By the way, all solid surfaces emit radiant heat in the form of electromagnetic waves that is proportional to the fourth power of their absolute temperature, and between two solid surfaces with different temperatures, heat transfer by radiation according to the temperature difference occurs. arise. Therefore, when a passenger sits on the seat 2 and approaches the radiant heating/cooling panel 4, heat transfer due to radiation occurs between the heat conductive panel 9 and the human body, and the passenger receives cold or hot air from the heat conductive panel 9. When you touch the heat conductive panel 9, you feel cold or hot.

Here, the view factor is F, the human body effective radiation surface is AcfT,
When the coefficient is 0, the human body surface temperature is Tc1, and the surface temperature of the heat conductive panel 9 is TR, it is expressed as transfer heat. Unlike air conditioning systems using convection, this heat transfer is a direct exchange of heat between the heat conductive panel 9 and the human body without passing through the air.

Therefore, even if the temperature inside the bus 1 is not so low during cooling and not so high during heating, the cooling temperature and heating temperature experienced by the passengers are optimal. Therefore, there are no problems such as the lower body becoming too cold when the air conditioner is being cooled, or the fact that the face is hot but the feet are cold when the heating is being performed.

In the above embodiment, the in-vehicle air conditioning system applied to the bus 1 has been described, but as shown in FIG. Door glass 1 for exit 5
It may also be provided directly below 5a and used as an in-vehicle air conditioning system for a passenger car.

〔Effect of the invention〕

As explained above, the present invention cools and heats the inside of the car through heat transfer by radiation between the radiant heating and cooling panel and the human body, so that sufficient heating and cooling effects can be achieved without unnecessarily cooling or heating the inside of the car.

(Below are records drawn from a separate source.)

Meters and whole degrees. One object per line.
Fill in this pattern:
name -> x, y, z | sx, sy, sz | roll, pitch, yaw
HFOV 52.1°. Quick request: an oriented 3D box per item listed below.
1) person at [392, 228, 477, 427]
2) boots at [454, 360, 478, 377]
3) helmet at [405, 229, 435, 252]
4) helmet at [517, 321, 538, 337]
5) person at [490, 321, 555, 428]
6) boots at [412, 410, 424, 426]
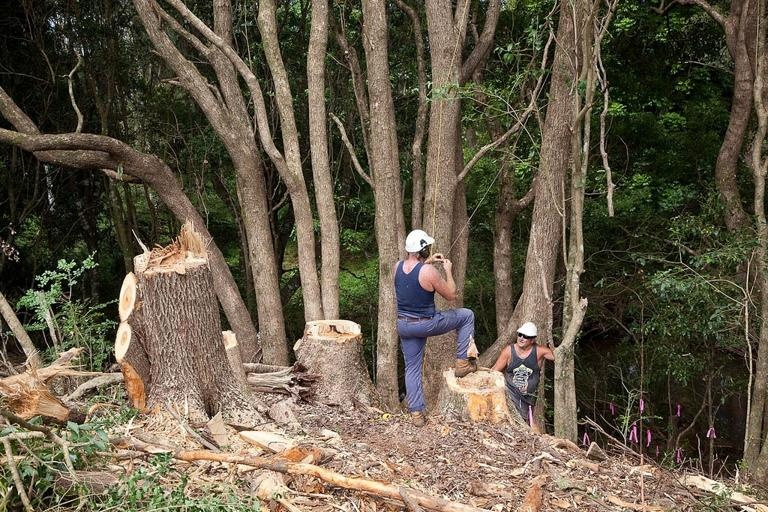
person -> 0.912, 1.229, 13.915 | 1.202, 3.535, 1.180 | -2, 15, 9
boots -> 1.378, 1.888, 13.127 | 0.446, 0.366, 0.170 | -2, 4, -31
helmet -> 0.591, -0.240, 13.361 | 0.426, 0.243, 0.318 | -29, 33, -14
helmet -> 2.635, 1.361, 14.343 | 0.258, 0.208, 0.361 | 17, 10, 18
person -> 2.545, 2.256, 14.314 | 1.137, 1.992, 0.804 | -11, 12, -27
boots -> 0.568, 2.755, 13.306 | 0.165, 0.203, 0.190 | -8, -1, 7
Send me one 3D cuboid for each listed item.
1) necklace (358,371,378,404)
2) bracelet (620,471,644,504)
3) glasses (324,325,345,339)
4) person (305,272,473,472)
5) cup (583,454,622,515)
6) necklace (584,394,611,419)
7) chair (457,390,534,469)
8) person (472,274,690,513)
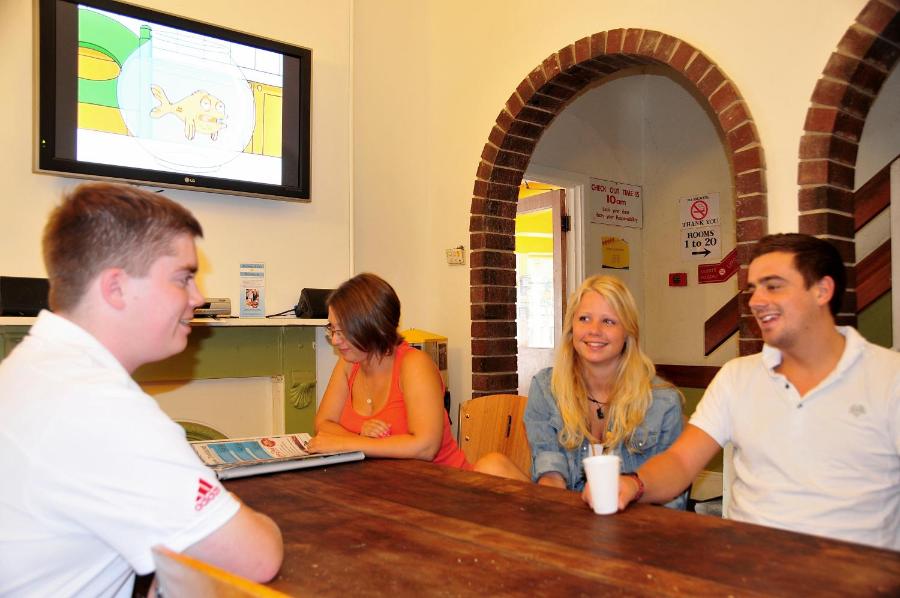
[{"bbox_3d":[-0.360,0.381,2.679,0.026,0.119,0.118,8,30,-44],"label":"necklace"},{"bbox_3d":[0.535,0.561,1.841,0.037,0.071,0.096,4,3,16],"label":"bracelet"},{"bbox_3d":[-0.488,0.136,2.582,0.073,0.023,0.069,3,2,-24],"label":"glasses"},{"bbox_3d":[-0.300,0.335,2.507,0.682,0.845,0.629,1,7,10],"label":"person"},{"bbox_3d":[0.459,0.513,1.710,0.147,0.151,0.147,2,-17,1],"label":"cup"},{"bbox_3d":[0.578,0.422,2.465,0.023,0.074,0.075,-31,-39,23],"label":"necklace"},{"bbox_3d":[0.237,0.633,3.036,0.305,0.540,0.360,-3,-6,-2],"label":"chair"},{"bbox_3d":[0.532,0.414,2.350,0.652,0.913,0.854,3,7,32],"label":"person"}]
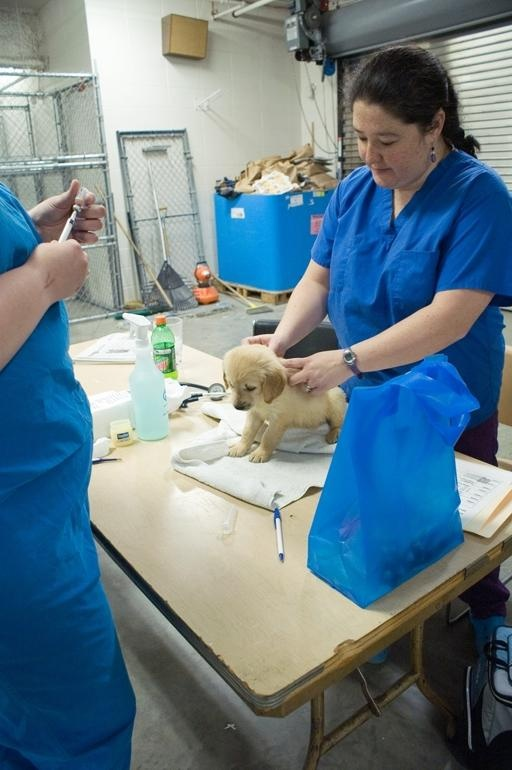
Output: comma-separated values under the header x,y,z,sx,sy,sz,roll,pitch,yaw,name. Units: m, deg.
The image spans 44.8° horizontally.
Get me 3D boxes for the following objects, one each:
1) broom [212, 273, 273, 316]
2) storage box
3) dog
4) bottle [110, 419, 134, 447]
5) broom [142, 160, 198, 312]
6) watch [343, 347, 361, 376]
x,y,z,sx,sy,sz,roll,pitch,yaw,name
-0.132,-0.847,5.957,0.308,0.095,0.896,1,19,-37,broom
0.220,-1.408,6.051,1.196,0.874,1.122,-9,19,-18,storage box
0.065,0.025,1.492,0.165,0.245,0.343,13,19,42,dog
-0.333,0.119,1.525,0.064,0.060,0.058,-4,15,-12,bottle
-0.843,-1.397,5.796,0.338,1.330,0.654,-8,17,-1,broom
0.203,-0.053,1.325,0.030,0.042,0.044,-32,41,6,watch
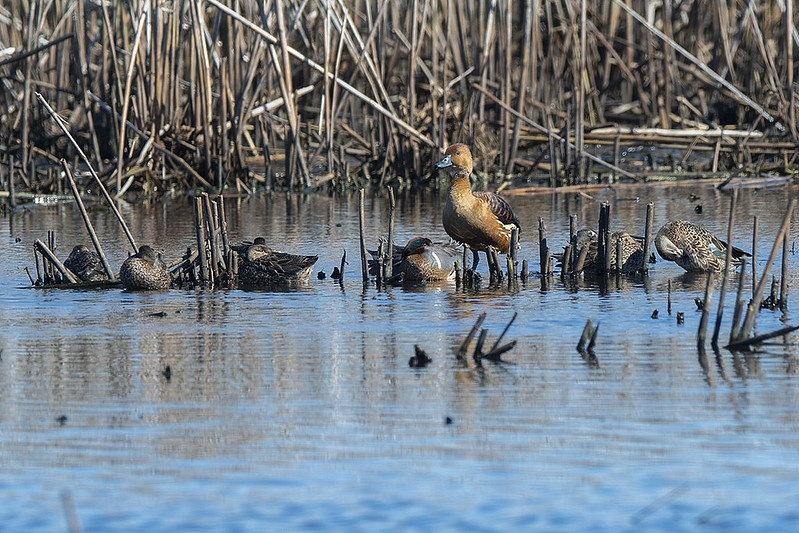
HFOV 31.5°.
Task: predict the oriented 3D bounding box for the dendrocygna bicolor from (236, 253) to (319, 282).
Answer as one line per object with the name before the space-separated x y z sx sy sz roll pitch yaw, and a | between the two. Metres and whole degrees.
dendrocygna bicolor | -1.540 0.020 17.753 0.833 0.498 0.412 -1 0 10

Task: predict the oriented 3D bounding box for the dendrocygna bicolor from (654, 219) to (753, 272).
dendrocygna bicolor | 3.843 -0.253 18.189 1.301 0.827 0.629 -4 7 5

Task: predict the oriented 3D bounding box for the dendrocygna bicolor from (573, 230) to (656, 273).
dendrocygna bicolor | 2.750 -0.202 18.344 0.823 0.554 0.581 1 -6 2

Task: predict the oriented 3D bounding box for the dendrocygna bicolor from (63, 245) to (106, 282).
dendrocygna bicolor | -3.950 -0.056 17.926 0.481 0.408 0.791 -1 2 -17

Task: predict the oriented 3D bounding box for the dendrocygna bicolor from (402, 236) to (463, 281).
dendrocygna bicolor | 0.389 -0.107 18.142 0.873 0.561 0.713 -1 2 2
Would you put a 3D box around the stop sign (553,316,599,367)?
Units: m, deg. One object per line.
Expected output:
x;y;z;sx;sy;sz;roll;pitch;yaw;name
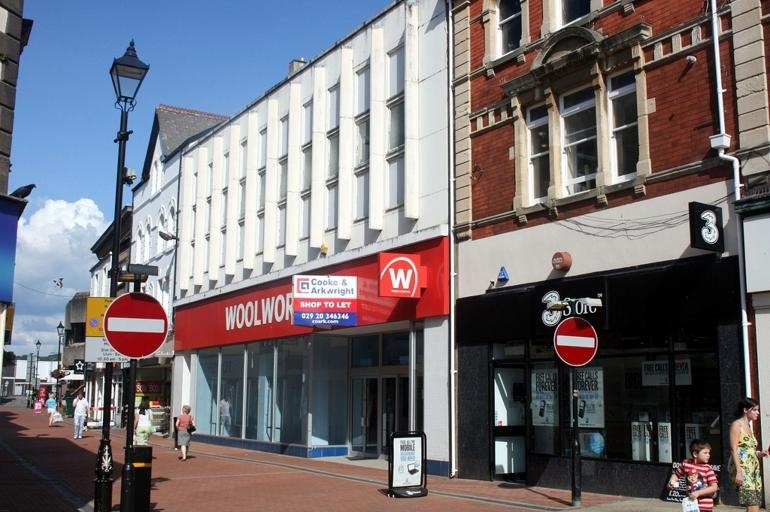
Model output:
4.318;1.908;18.791;1.146;1.267;0.160;2;-15;-12;stop sign

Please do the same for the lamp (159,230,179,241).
-9.921;-0.897;37.698;0.751;0.296;0.569;14;-9;-18;lamp
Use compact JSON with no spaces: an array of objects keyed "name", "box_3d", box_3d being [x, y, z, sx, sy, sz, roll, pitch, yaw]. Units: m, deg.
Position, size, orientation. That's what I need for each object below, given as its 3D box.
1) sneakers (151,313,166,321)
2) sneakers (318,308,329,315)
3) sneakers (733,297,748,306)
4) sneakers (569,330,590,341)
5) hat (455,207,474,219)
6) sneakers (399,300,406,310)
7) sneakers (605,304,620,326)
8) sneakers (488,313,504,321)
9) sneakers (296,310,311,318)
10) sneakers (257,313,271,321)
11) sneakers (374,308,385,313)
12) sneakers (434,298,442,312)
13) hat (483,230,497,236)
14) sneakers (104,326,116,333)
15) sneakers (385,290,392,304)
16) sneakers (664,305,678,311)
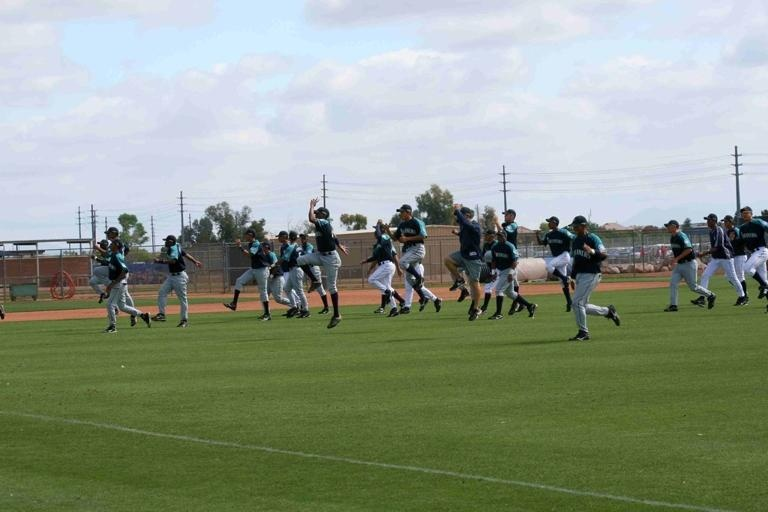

Obtainable.

In addition, since a thermoelectric element that utilizes the Peltier effect is used as the heat source for the radiant heating and cooling panel, the panel thickness can be made thin, making it possible to easily embed the radiant heating and cooling panel into the wall surface, and even when retrofitting it. There is no risk of making the inside of the car cramped. Also, by simply changing the direction of the current,
You can easily switch between heating and cooling, and the structure is simple.

Further, by providing a radiant heating/cooling panel on the wall of a passenger car door at a position below the door glass and providing a warm air discharge port directly below the door glass, it is possible to prevent the door glass from fogging during heating/cooling.

[Brief explanation of the drawing]

Fig. 1 is a vertical sectional view of a bus showing an in-vehicle air conditioning system according to an embodiment of the present invention, Fig. 2 is a cross sectional view taken along the line 1, and Fig. 3 is a portion showing the configuration of a radiant heating and cooling panel. FIG. 4 is a plan view including a cross section, FIG. 4 is a perspective view showing the configuration of the thermoelectric element, FIG. 5 is an explanatory diagram showing the transfer of heat by the thermoelectric element during cooling, and FIG. 6 is an application of the present invention to the door of a passenger car. It is a perspective view showing an example. 1... Bus, 3... Window, 4... Radiation heating and cooling panel, 5... Warm air discharge port, 6... Getting on/off door, 7... Shelf board, 9... Heat conductive panel, 10...Thermoelectric element, 15
...door, 15a...door glass.

Claims (2)

[Claims] 1. An in-car air conditioning system characterized by installing a radiant heating and cooling panel on the inside wall of the car whose heat source is a thermoelectric element that utilizes the Peltier effect. 2. A claim characterized in that the wall surface inside the vehicle on which the radiant cooling/heating panel is installed is a wall surface located below the door glass of the door of the passenger car, and the warm air outlet of the radiant cooling/heating panel is provided at a position directly below the door glass. The in-vehicle air conditioning system described in 1.